2. Here my question: do you know or have an estimate for how great the cost in both die area/transistors and power draw is that the large memory controller in Strix Halo requires compared with the more standard dual channel design? Any information is appreciated!
Especially in the consumer space (laptops and desktops), the standard reply to any request for more than two channels and/or broader buses has been for decades "that would just increase costs because of the increased die area required, increase power draw even when idle, and wouldn't make a difference for office stuff or gaming anyway".
I hope that this mindset will change now that we have beefier iGPUs that really benefit from higher throughput. Besides, with AI now everywhere, higher data rates are getting more important even in consumer SoCs.
I'm not sure what the power cost is, but people have taken die shots of Strix Halo (https://misdake.github.io/ChipAnnotationViewer/?map=StrixHalo). The memory controllers are on the left and right sides of the IO die.

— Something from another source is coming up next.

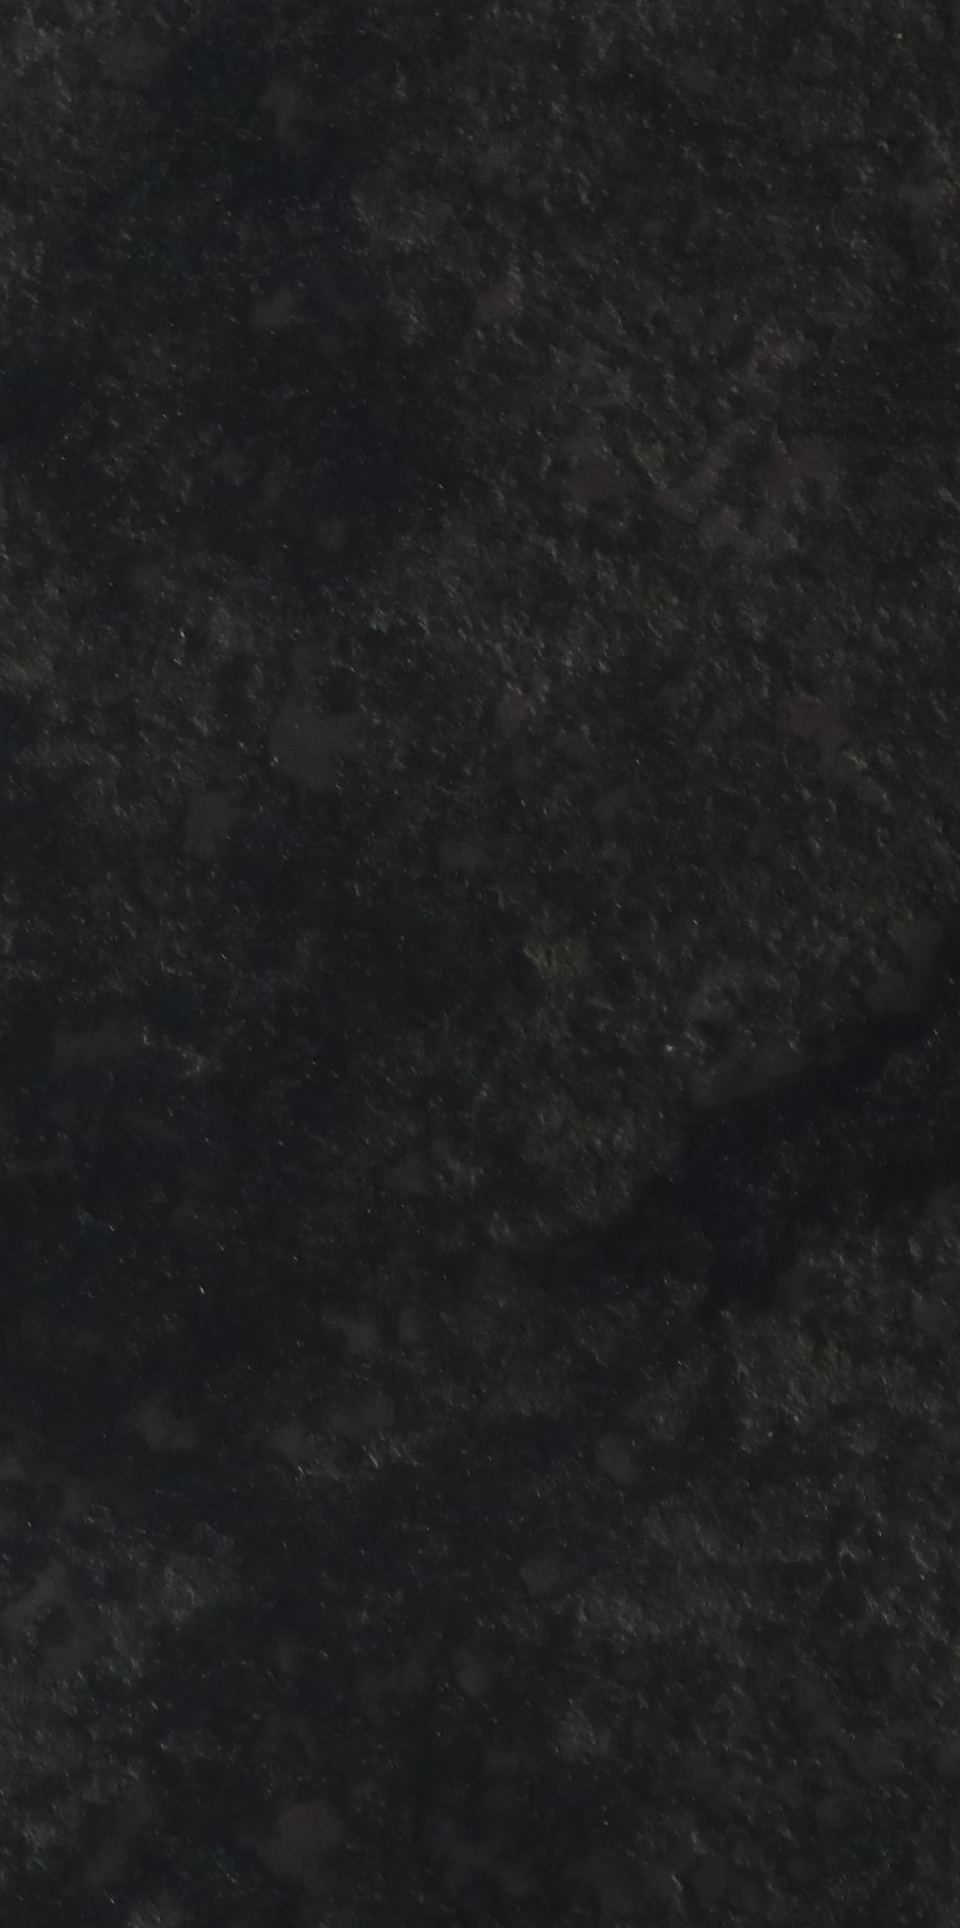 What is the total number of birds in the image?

0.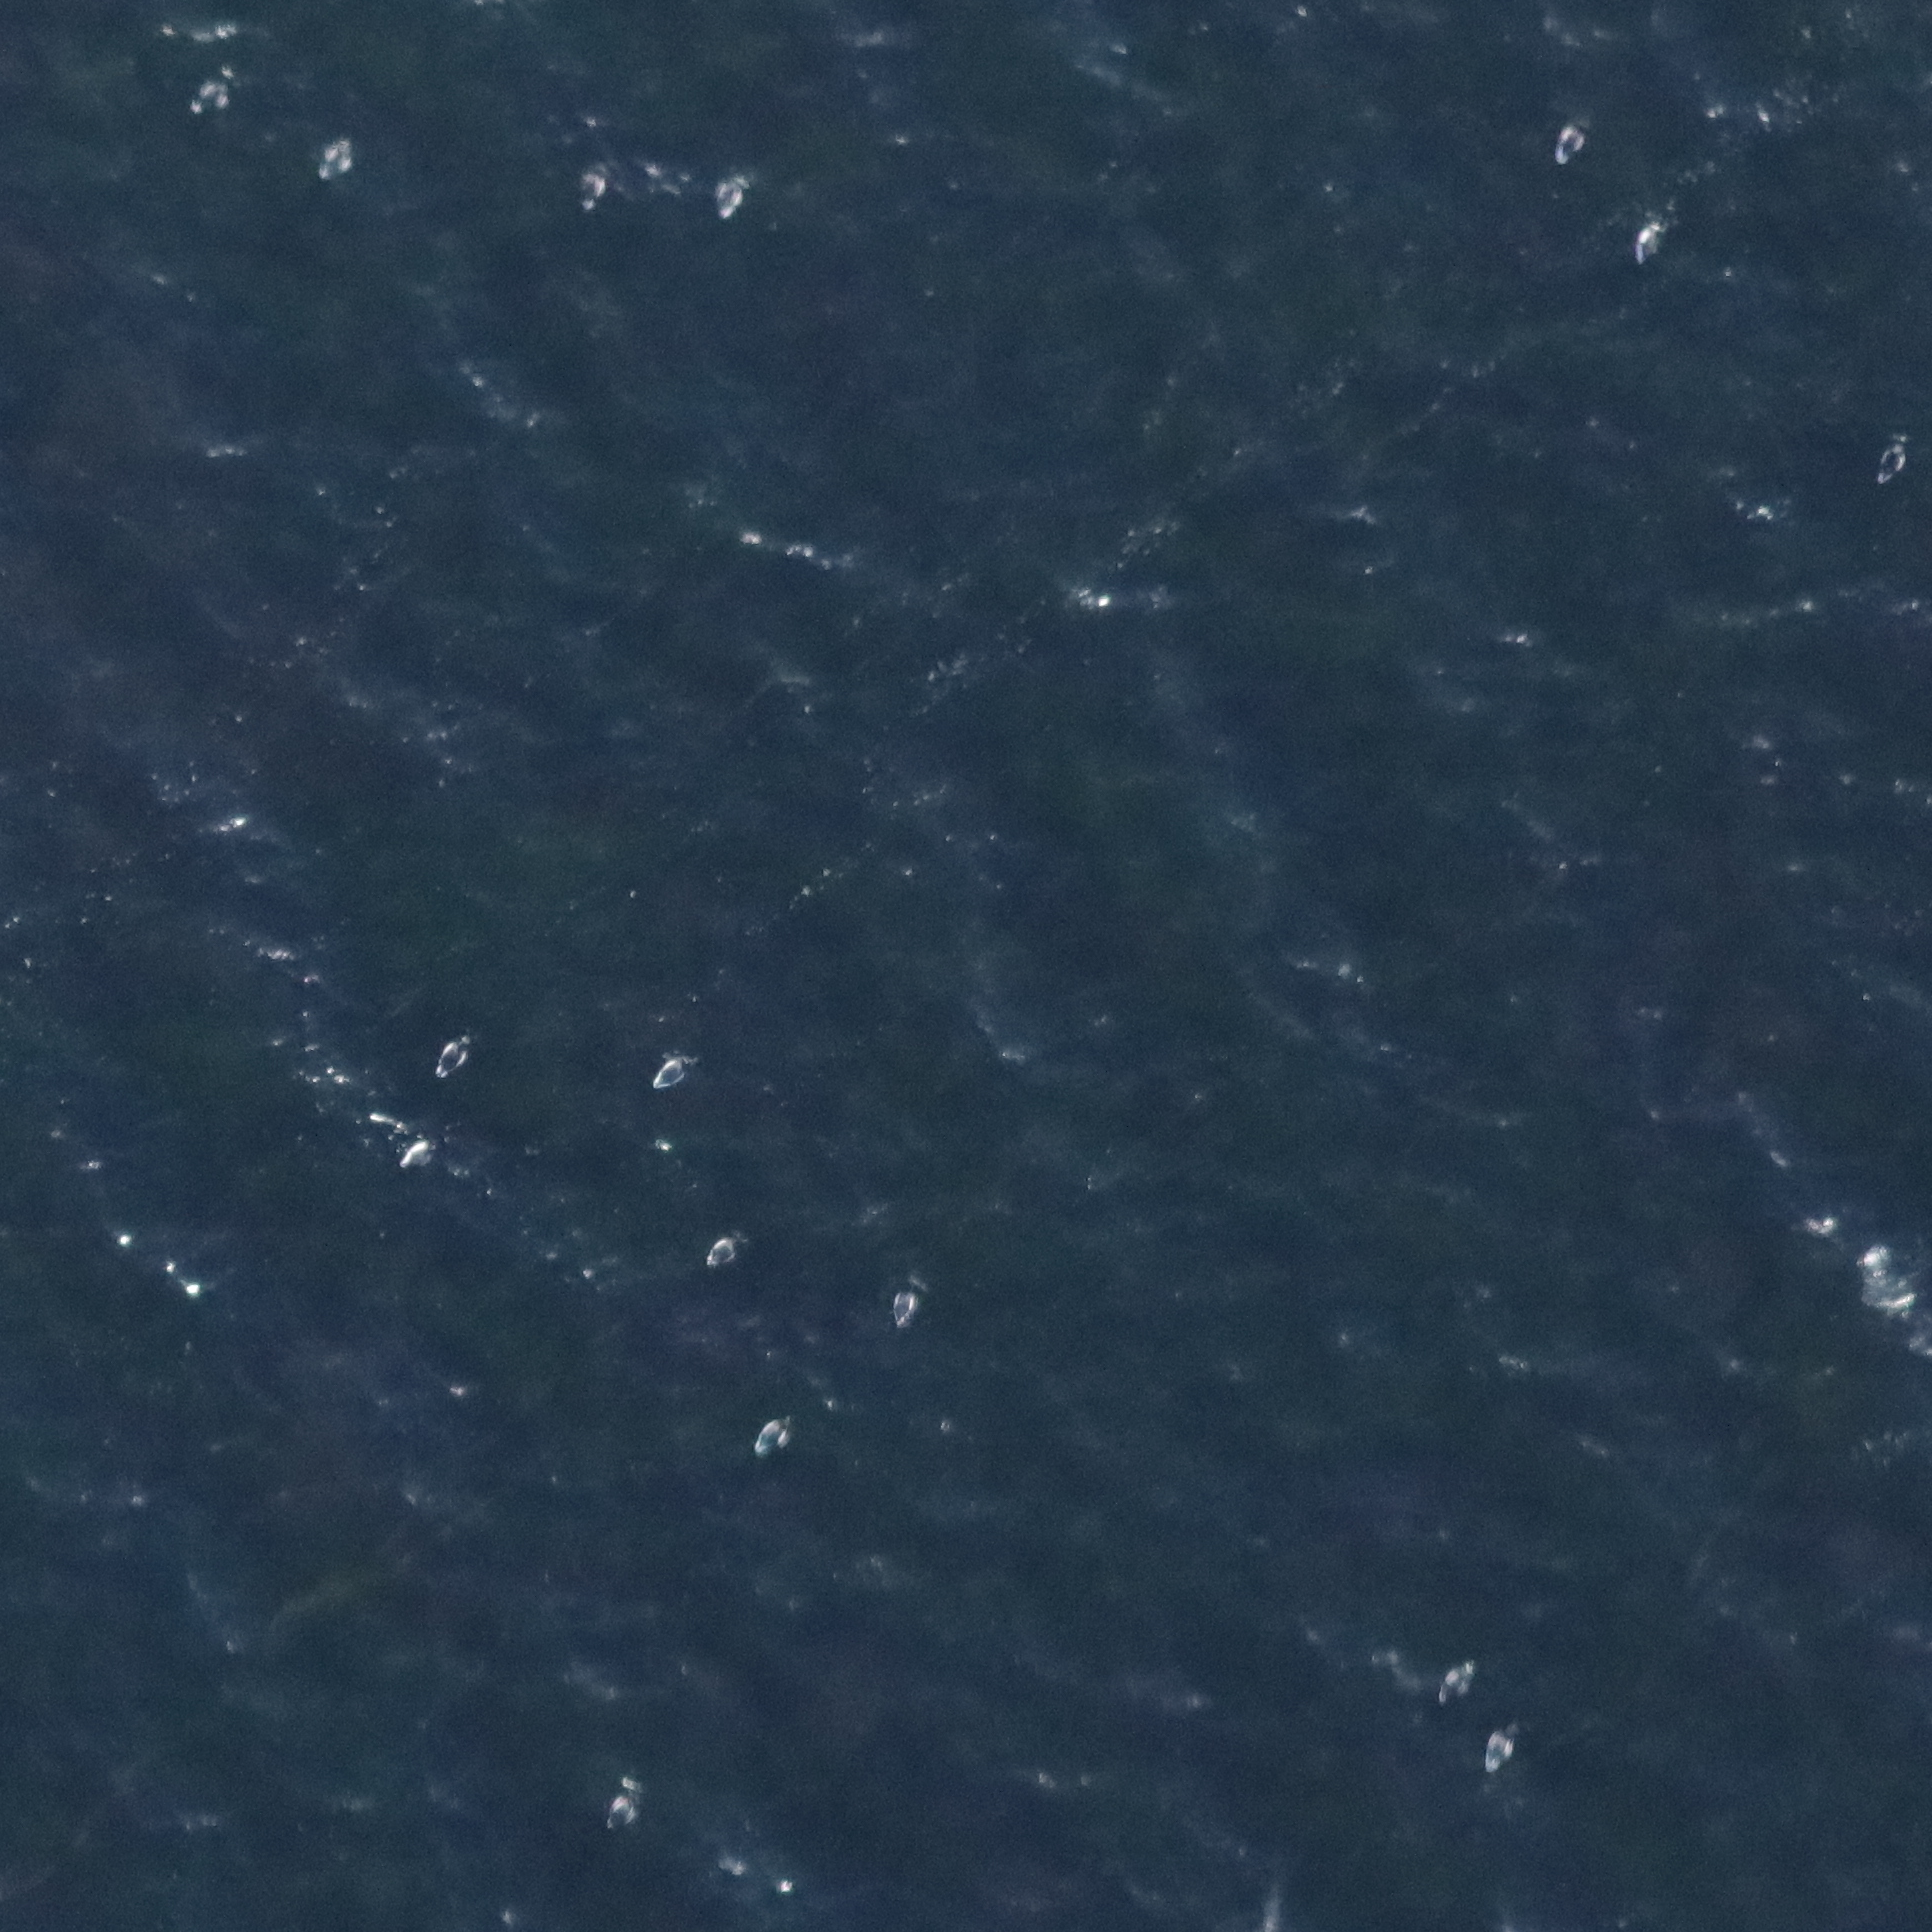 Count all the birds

16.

Idle power draw seems fine because the memory bus clocks down. From the MemClk event, the UMCs appear to idle at 200-300 MHz, and only go up to ~1 GHz under load. RAPL (however accurate that is) puts idle power at ~2W. So the cost would likely be more on the die area rather than idle power side. And yea it would only help for big iGPUs, not much for CPU workloads
Thanks for answering, Chester! This dispells the notion that an SoC having more than two memory channels automatically results in a higher power draw. I hope that we'll see more consumer-class SoCs/APUs that feature multi- channel (>2) memory controllers.